Today, in the wake of the 2008 financial collapse, the "Glengarry" real estate hustlers who seemed like "bottom feeders when the play first came out, we now see as the guys at J.P. Morgan Chase," Sullivan says with a laugh. What doesn't change is the rhythm of Mamet's riffing language, "the counterpoint that's constantly there. Young actors sometimes have a tendency to draw it out and find meaning. But the meaning is in the rhythm."
"Mentoring is really important to me... It's great to be able to tell young people that theatre can be a life for them."

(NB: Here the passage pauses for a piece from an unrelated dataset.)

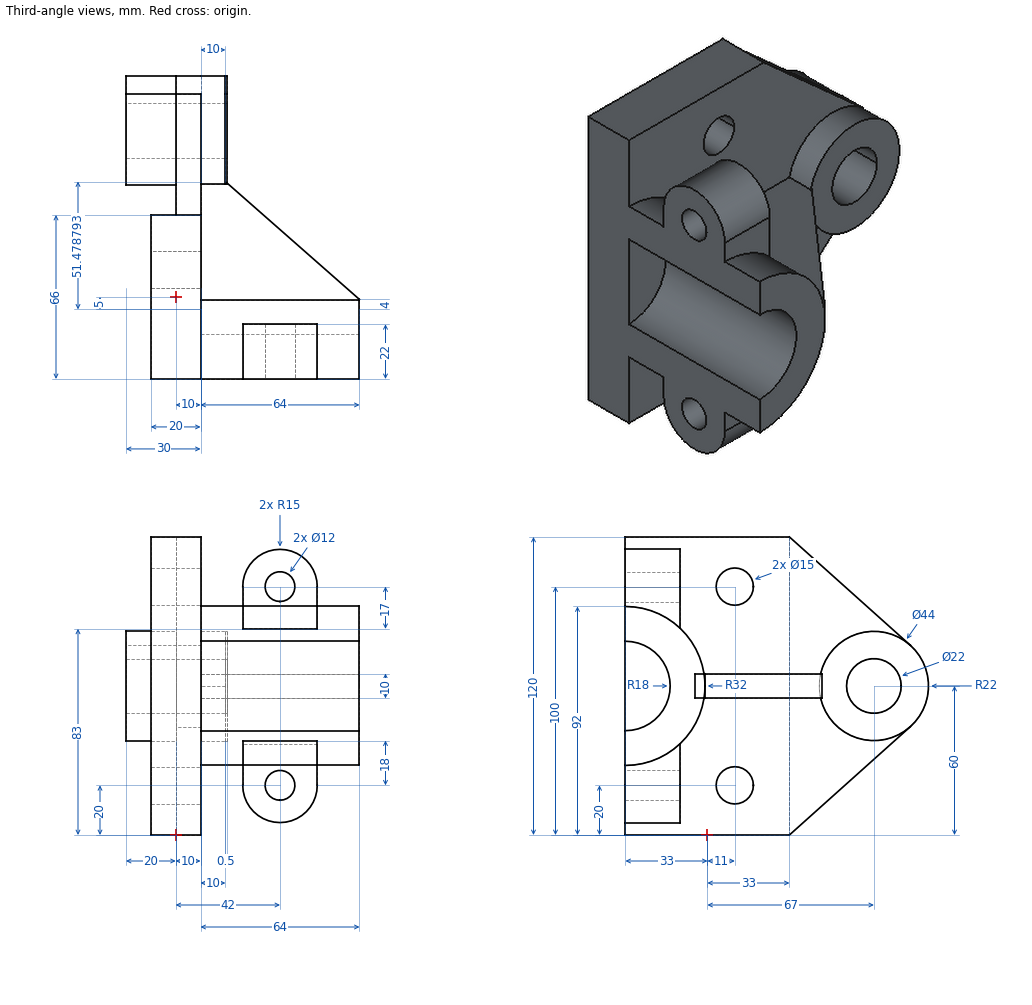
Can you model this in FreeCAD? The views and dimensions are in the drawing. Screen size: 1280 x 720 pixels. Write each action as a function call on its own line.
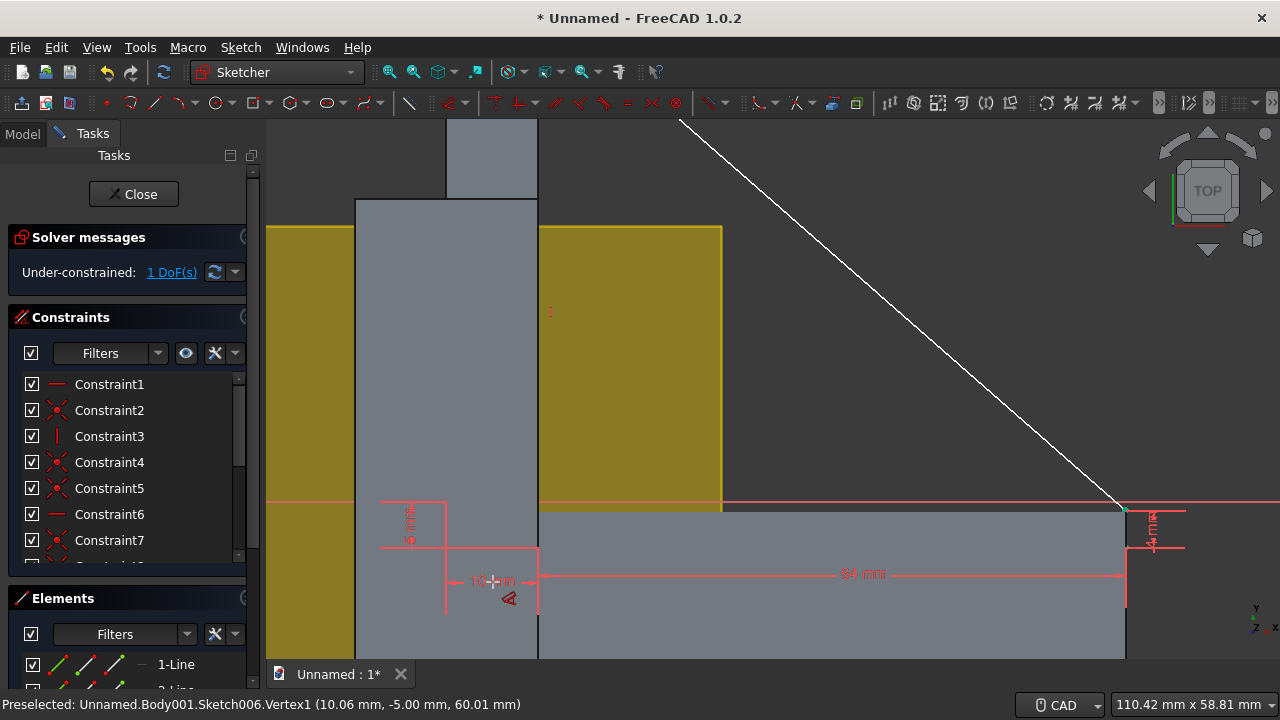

Pacino, he goes on, "is a wily actor. He's very intuitive, but he lays down a methodi- cal base for what he's doing," says Sullivan, who started out as an actor at SF State, appearing in a slew of shows that ranged from Cole Porter's "Kiss Me Kate" to Ben Jonson's "Volpone." He was one of the talented kids Blau and Irving " who were big on avant-garde and absurdist plays " plucked to perform at the Actor's Workshop, where Sullivan appeared in Beckett's "Endgame" and Pinter's "The Caretaker."

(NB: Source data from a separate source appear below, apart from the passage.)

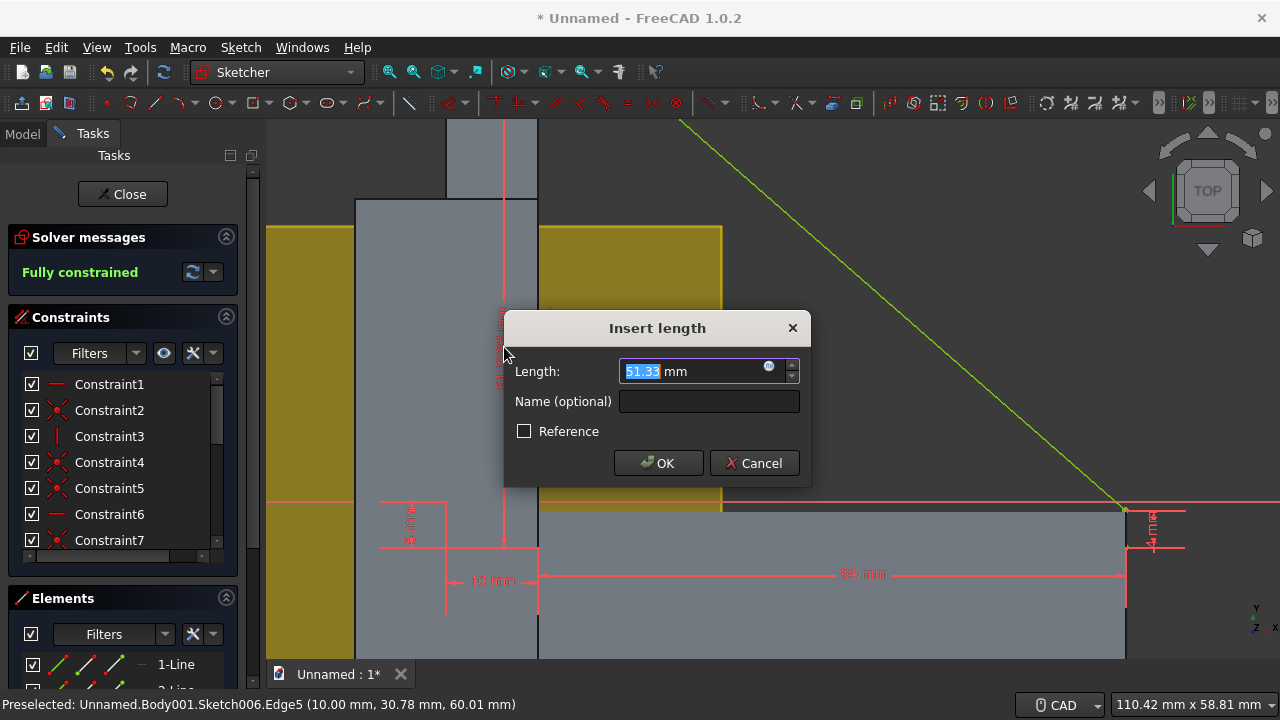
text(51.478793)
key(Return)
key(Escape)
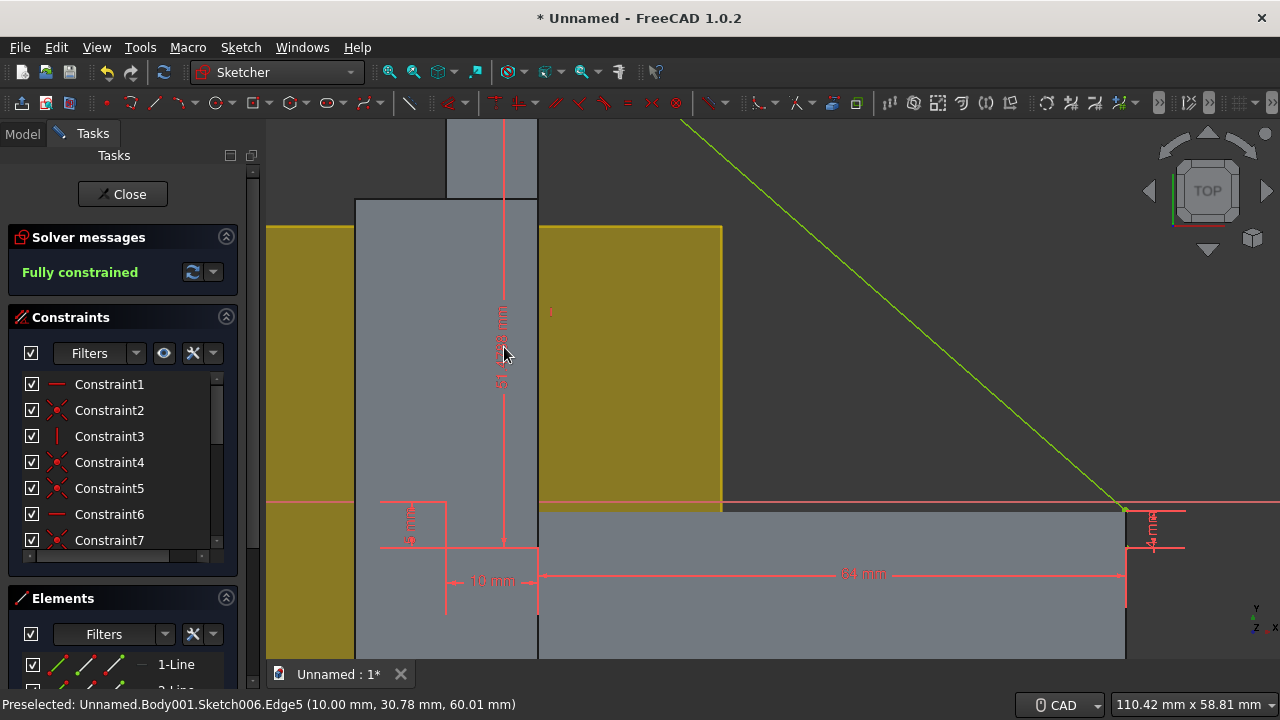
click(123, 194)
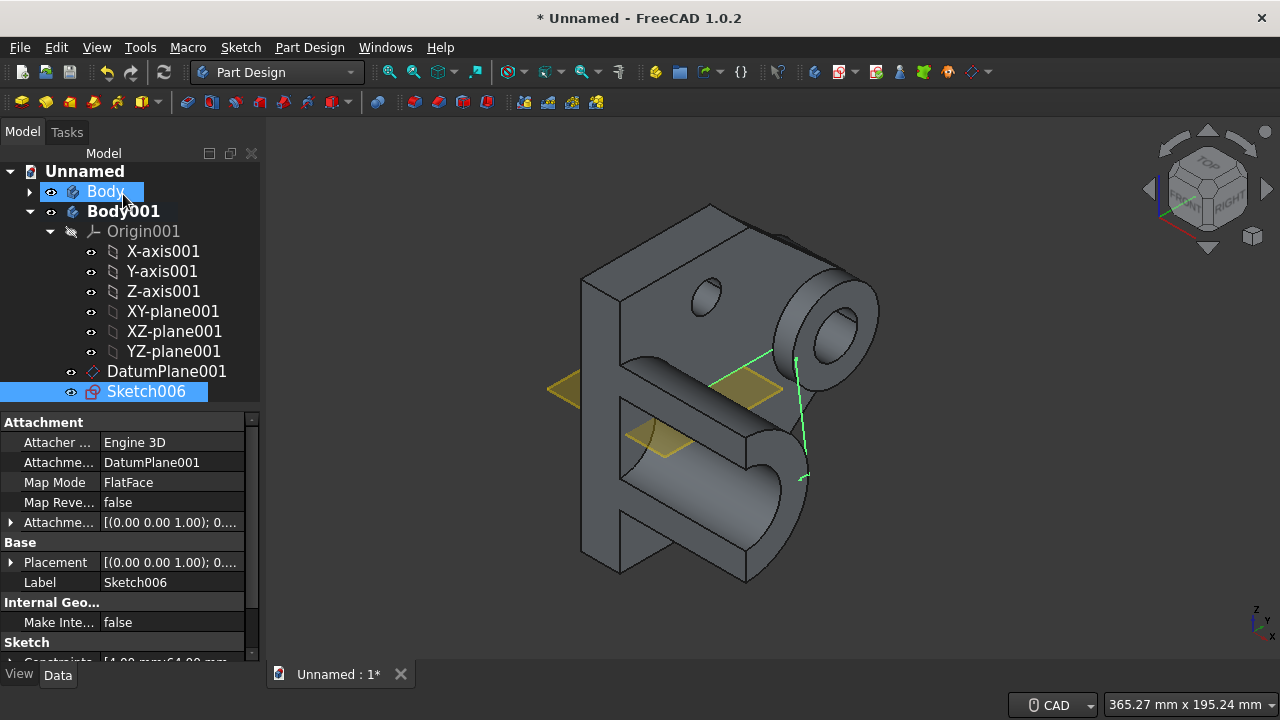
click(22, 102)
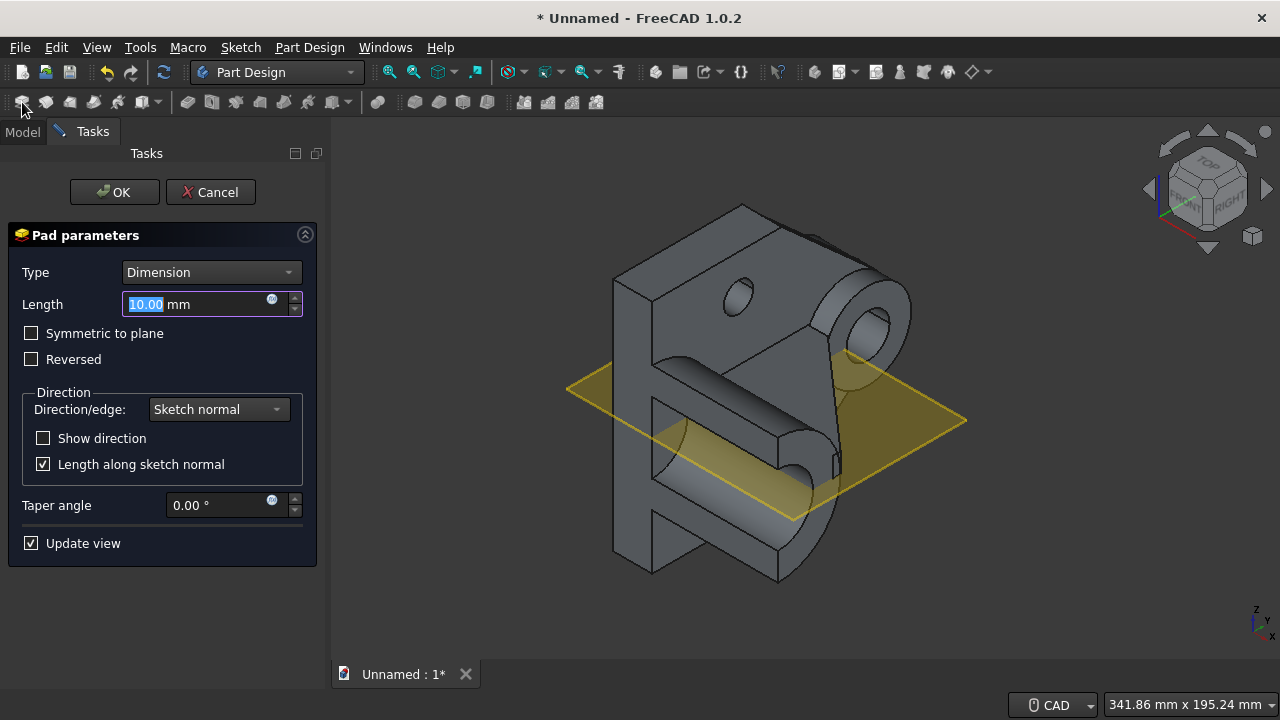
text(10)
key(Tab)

When Blau and Irving were tapped in 1965 to run the repertory theatre company at New York's prestigious Lincoln Center, they took Sullivan and a handful of others with them. He found his métier when Irving asked him to take over the direction of a new play by A.R. Gurney, "Scenes for an American Life." It was his first professional directing job.
"It was a new play and that's what I've enjoyed the most, directing new plays," Sullivan says. "I like being around writers. I like the process of developing the plays."

Sullivan grew up in San Mateo, where he performed in musicals as a kid. He studied English at SF State before switching to theatre. "I tried out for musicals as a way to meet girls and have a social life. Then I started to read plays and became interested in them."

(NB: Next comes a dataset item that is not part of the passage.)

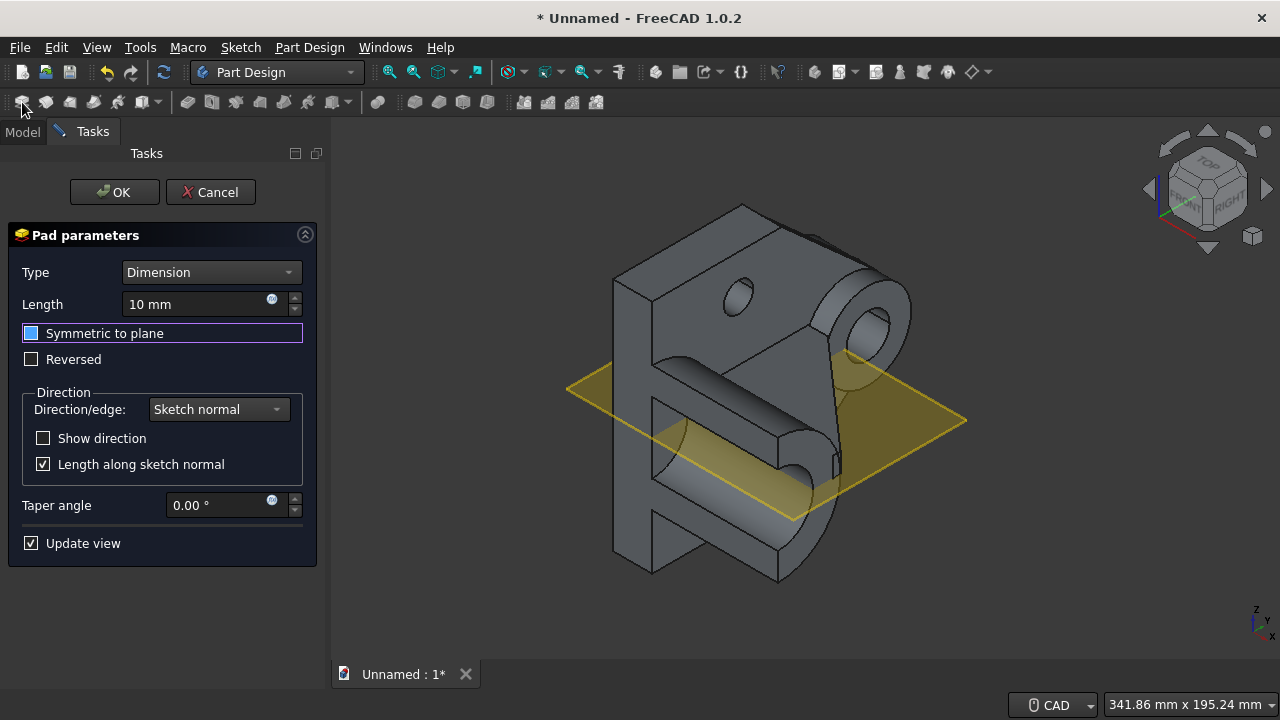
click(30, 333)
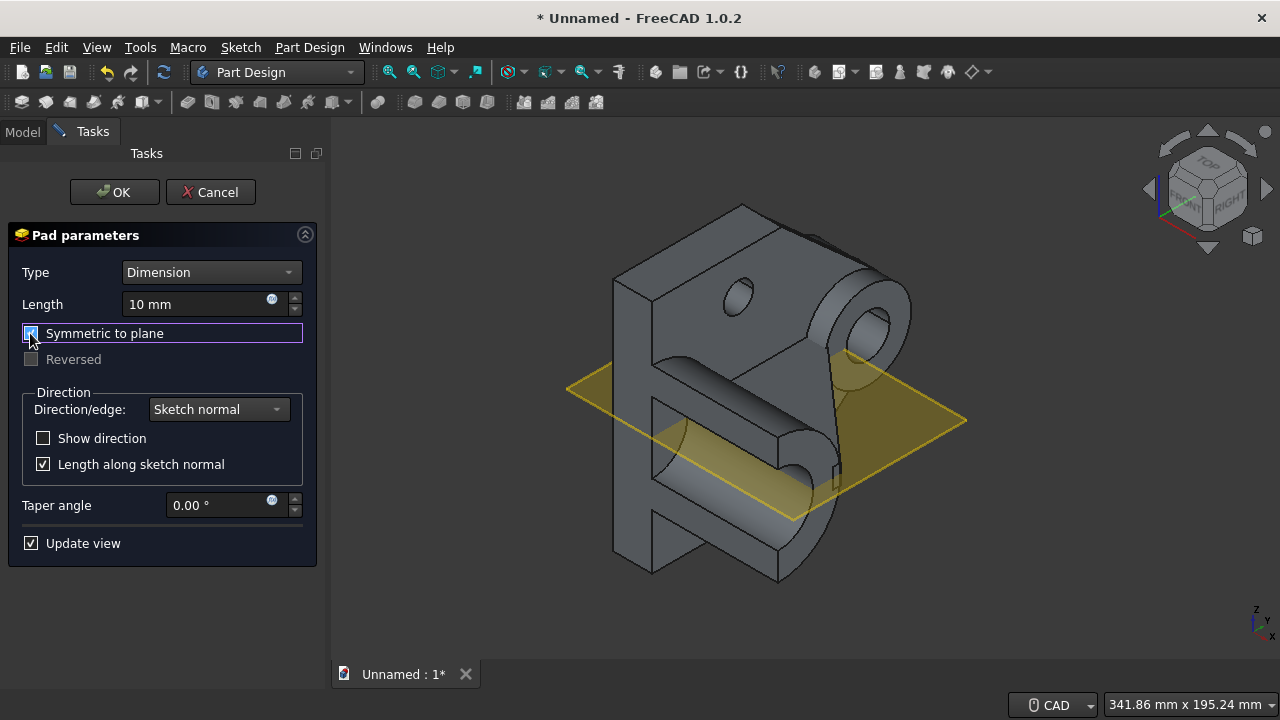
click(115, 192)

Sullivan in an SF State production of "Volpone"

Photo courtesy of Special Collections/Archives

He studied with Irving and with Tom Tyrell, a polished professional actor who "had a great love and appreciation of actors. He never pontificated. He made you feel like a peer." Sullivan's peers at SF State included: Paul Gemignani(B.A.,'68), who became a major musical director associated with Stephen Sondheim; David Emmes(M.F.A., '62) and Martin Benson(B.A., '71), co-founders of South Coast Rep and longtime Sullivan friends and colleagues; and the noted actor Jeffrey Tambor (B.A.,'65). "I saw everything Jeffrey did at State and thought "he's a genius"," says Sullivan, who recalls performing with Tambor on the McKenna Theatre stage in "Volpone." It was Sullivan, though, in the role of Mosca, who was singled out by a student newspaper reviewer. "His energy, dexterity and mobility high- light every scene," wrote the critic, who praised Sullivan's "wonderfully comic style."

"State was kind of a theatre factory at the time," says Sullivan, "with one production after another. I remember doing "The Miser" [by Moliore] and the musical "Where's Charley?" It was great training."

Sullivan served as artistic director for Seattle Repertory Theatre from 1981 to 1997, where one of the many plays he directed was his own "Inspecting Carol." Now a theatre professor at the University of Illinois, Urbana-Champaign, he thrives on teaching.

"I love working with young people and seeing them go out into the world," says Sullivan, who will direct Alec Baldwin in a revival of Lyle Kessler's "Orphans" on Broadway in the spring. "Mentoring is really important to me. I remember the way I was mentored by Jules and Herb and other teachers at State. It's great to be able to tell young people that theatre can be a life for them."